In a more complicated case , feedback is the reclamation, research and implementation of those third-party new solutions and knowledge into existing processes and business objects (organizations).
Maintaining feedback with recipients is a separate important component of the overall meaningful public data management model. The organization of feedback at a level sufficient for obtaining a meaningful result is more complicated, more expensive and more important than putting public data sets on network resources.
In the absence of stable links between the supplier and an unlimited number of recipients of public data, it is actually necessary to implement many different mechanisms for mutually beneficial communication.
It can be:
- subscription of recipients (users) to a series of notifications from the supplier,
- open pool of data recipients (a certain club or community of interest),
- real or virtual contests based on public data (hackathons),
- offline or online themed events (seminars, conferences),
- survey of data recipients (simple or focused surveys),
- training activities (lectures, certification tests), etc.

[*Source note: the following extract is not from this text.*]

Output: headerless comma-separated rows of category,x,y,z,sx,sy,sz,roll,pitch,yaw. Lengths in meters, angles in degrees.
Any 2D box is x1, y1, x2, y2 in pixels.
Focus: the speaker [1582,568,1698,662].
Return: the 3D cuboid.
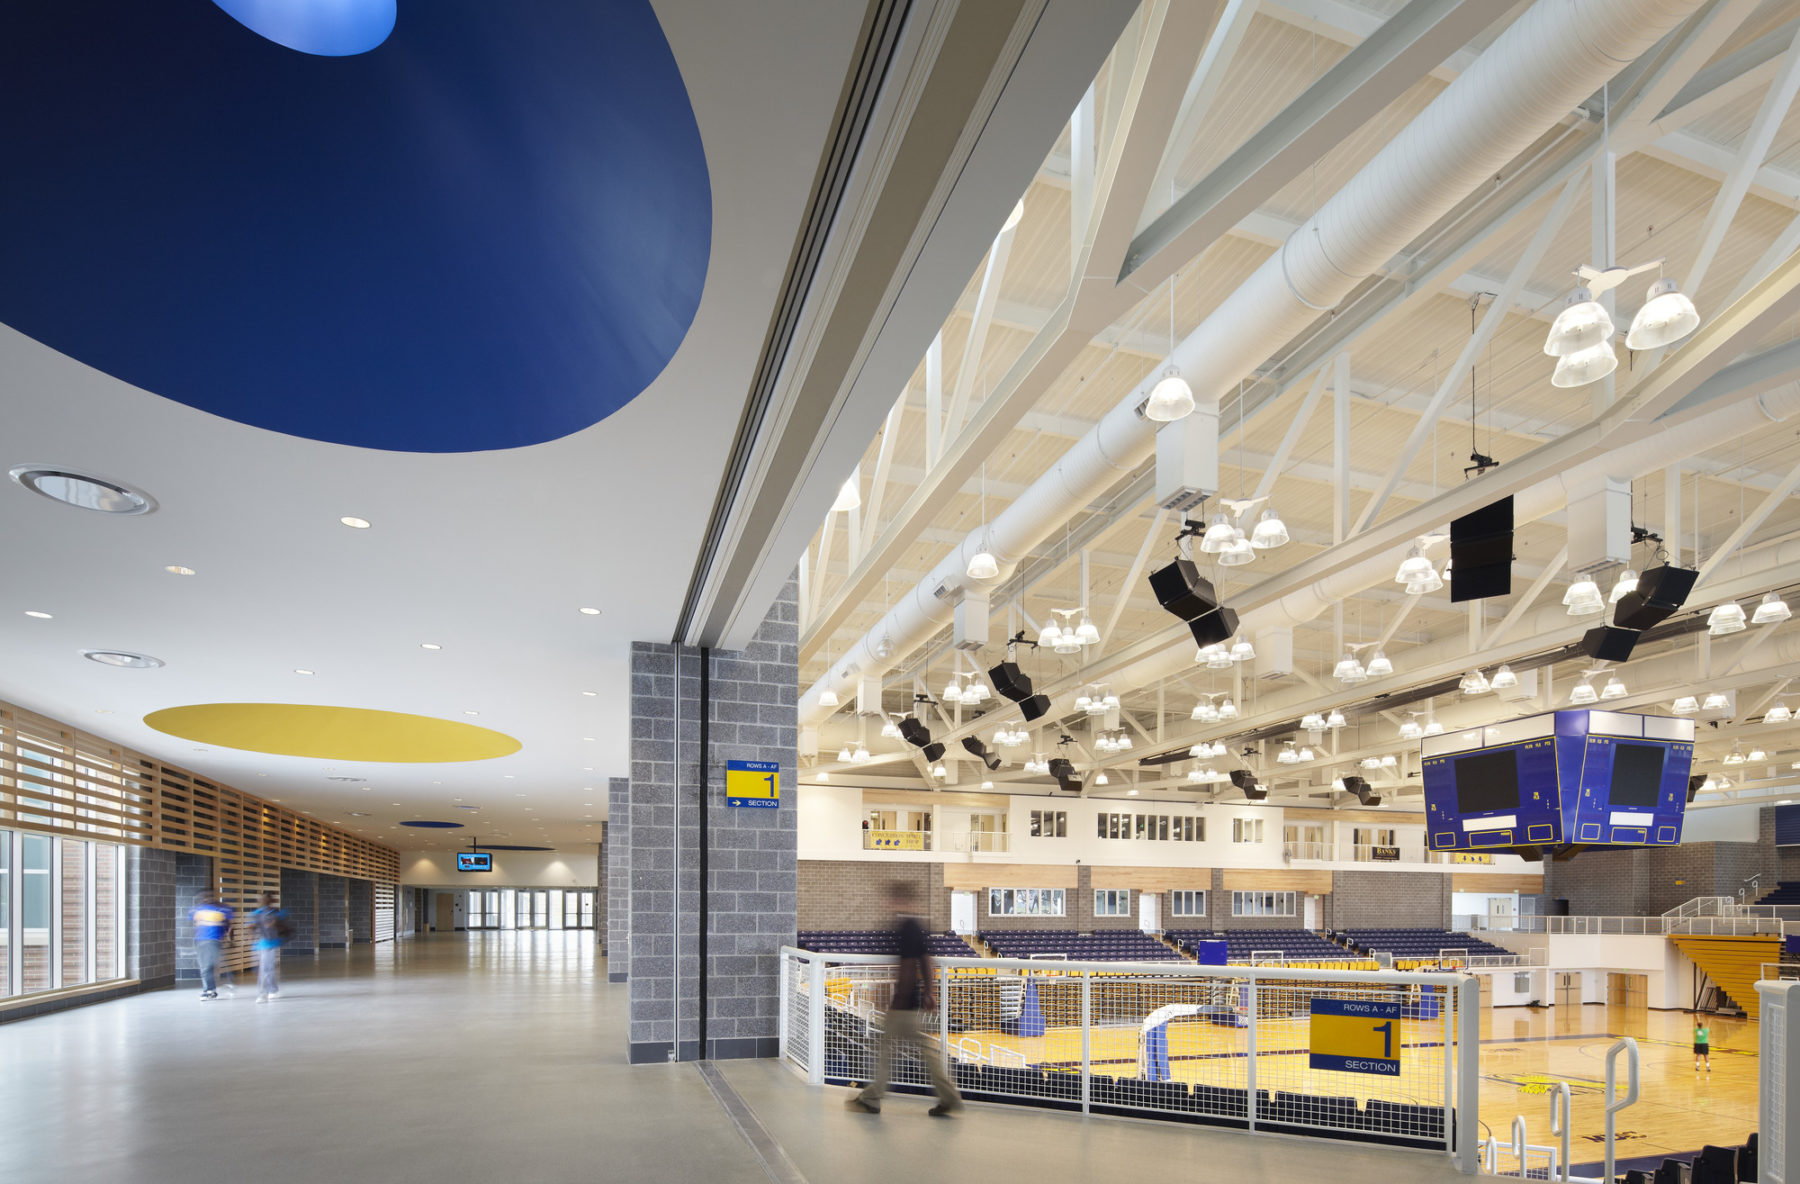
speaker,8.766,0.245,13.888,0.673,0.857,1.311,0,-15,-7

But the goal of all such mechanisms for establishing feedback will be the desire to obtain in one form or another the results obtained by those actors who uploaded public data, processed and analyzed them, found something new and useful, or created new products and services.
Direct feedback
methods involve contacting the public data provider with the recipients.
Indirect feedback
methods are reduced to researching the information space of the network and searching for new solutions and knowledge gained on the supplier’s data or using the supplier’s data, but which for some reason or other have fallen off the line of sight.
There is a certain risk of losing sight of the beneficial effect that someone will have on the supplier’s data. But this is not a problem. The supplier can always recover lost benefits, especially if he himself is the owner of the data. However, finding out that it is generally possible to do something valuable on a specific set of public data is to get feedback from those who have already done something, or at least tried.